A sequel to The Grey Wolf (2024) that begins with the earlier novel’s last line: “We have a problem.” And what a problem it is.

Now that Chief Inspector Armand Gamache and his allies in and out of the Sûreté du Québec have saved Canada’s water supply from poisoning on a grand scale, you might think they were entitled to some rest and relaxation in Three Pines. No such luck. Don Joseph Moretti, the Sixth Family head who ordered the hit-and-run on biologist Charles Langlois that nearly killed Gamache as well, is plotting still more criminal enterprises, and Gamache can’t be sure that Chief Inspector Evelyn Tardiff, who’s been cozying up to Moretti in order to get the goods on him, hasn’t gone over to the dark side herself.
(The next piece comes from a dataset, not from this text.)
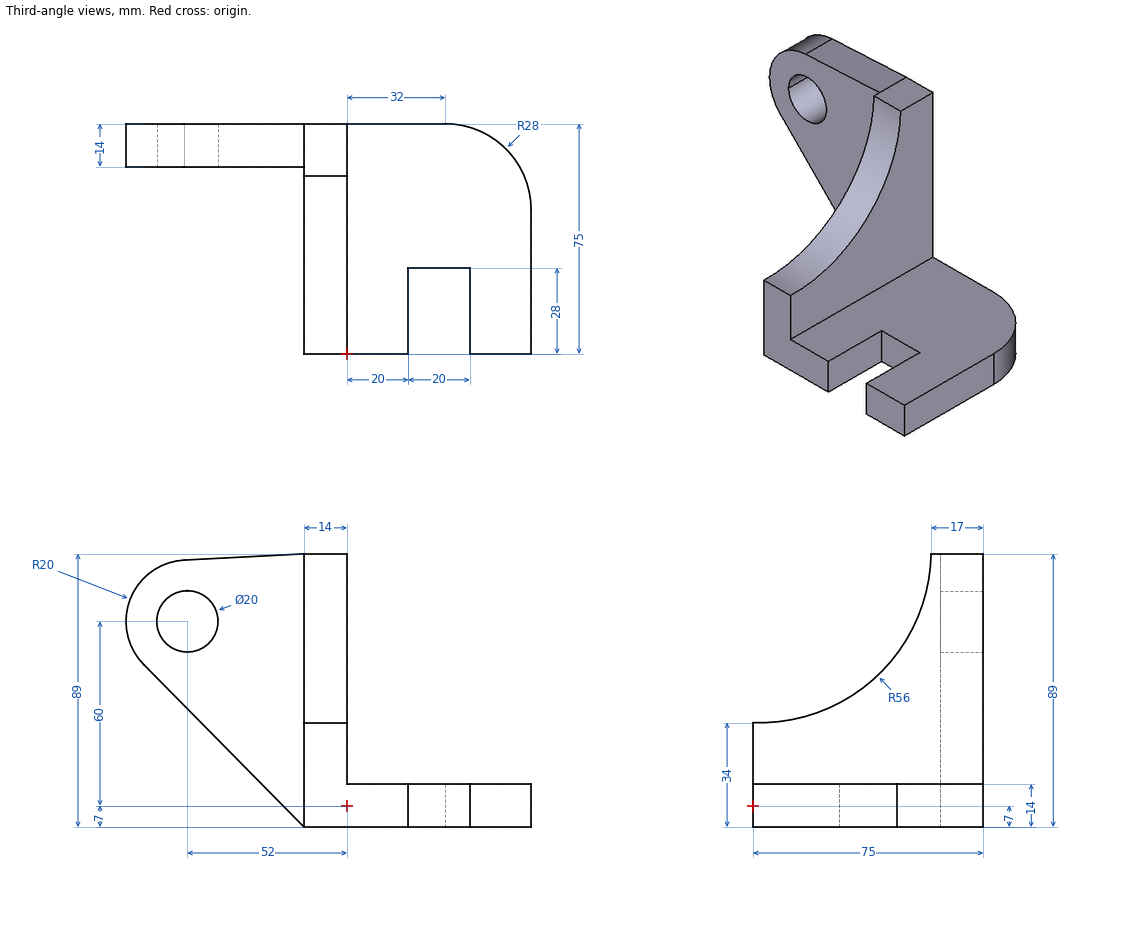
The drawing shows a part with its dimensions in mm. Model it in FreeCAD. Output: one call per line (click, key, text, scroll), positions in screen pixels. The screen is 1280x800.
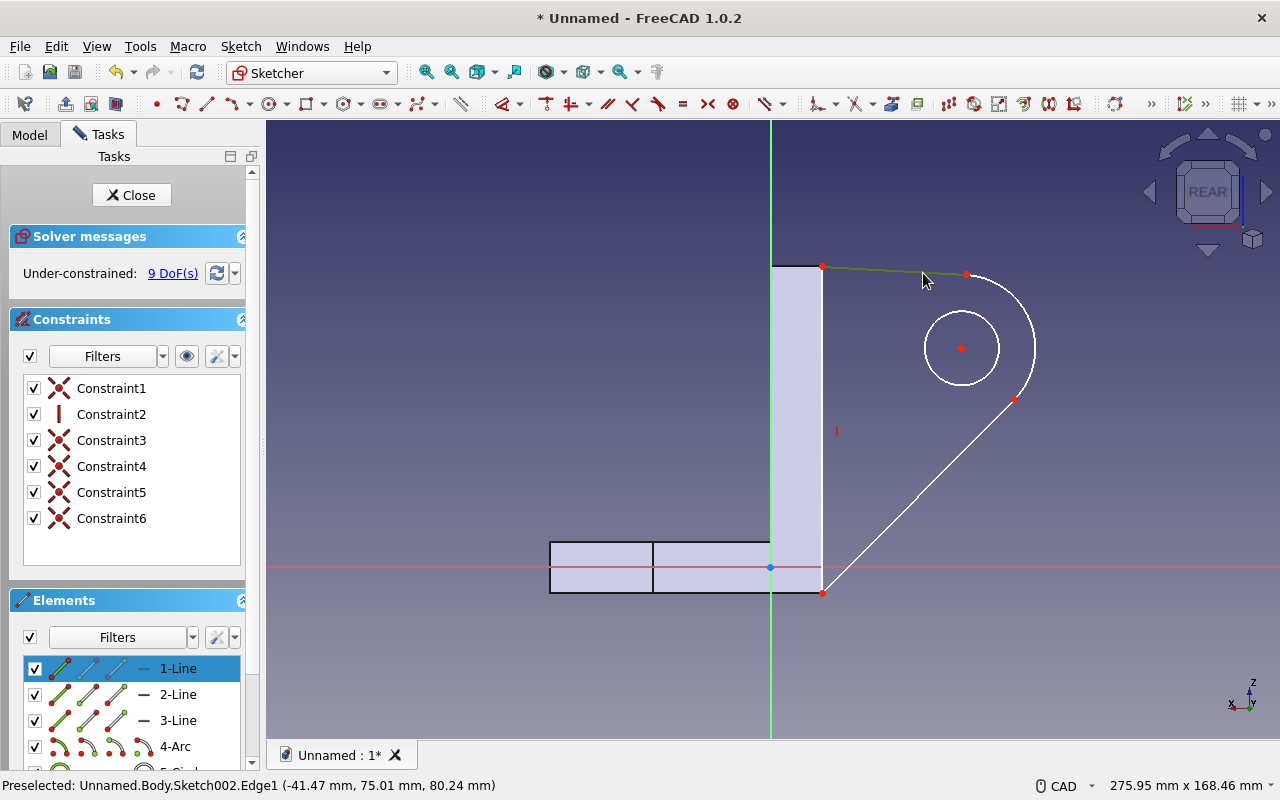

In fact, Gamache’s uncertainty about Evelyn sets the pattern for much of what follows, for another review of one of Langlois’ notebooks reveals a plot so monstrous that it’s impossible to be sure who’s not in on it. Is it really true, as paranoid online rumors have it, that “Canada is about to attack the U.S.”? Or is it really the other way around, as the discovery of War Plan Red would have it? As the threats loom larger and larger, they raise questions as to whether the Black Wolf, the evil power behind them, is Moretti, disgraced former Deputy Prime Minister Marcus Lauzon, whom Gamache has arranged to have released from prison, or someone even more highly placed. A brief introductory note dating Penny’s delivery of the uncannily prophetic manuscript to September 2024 will do little to assuage the anxieties of concerned readers.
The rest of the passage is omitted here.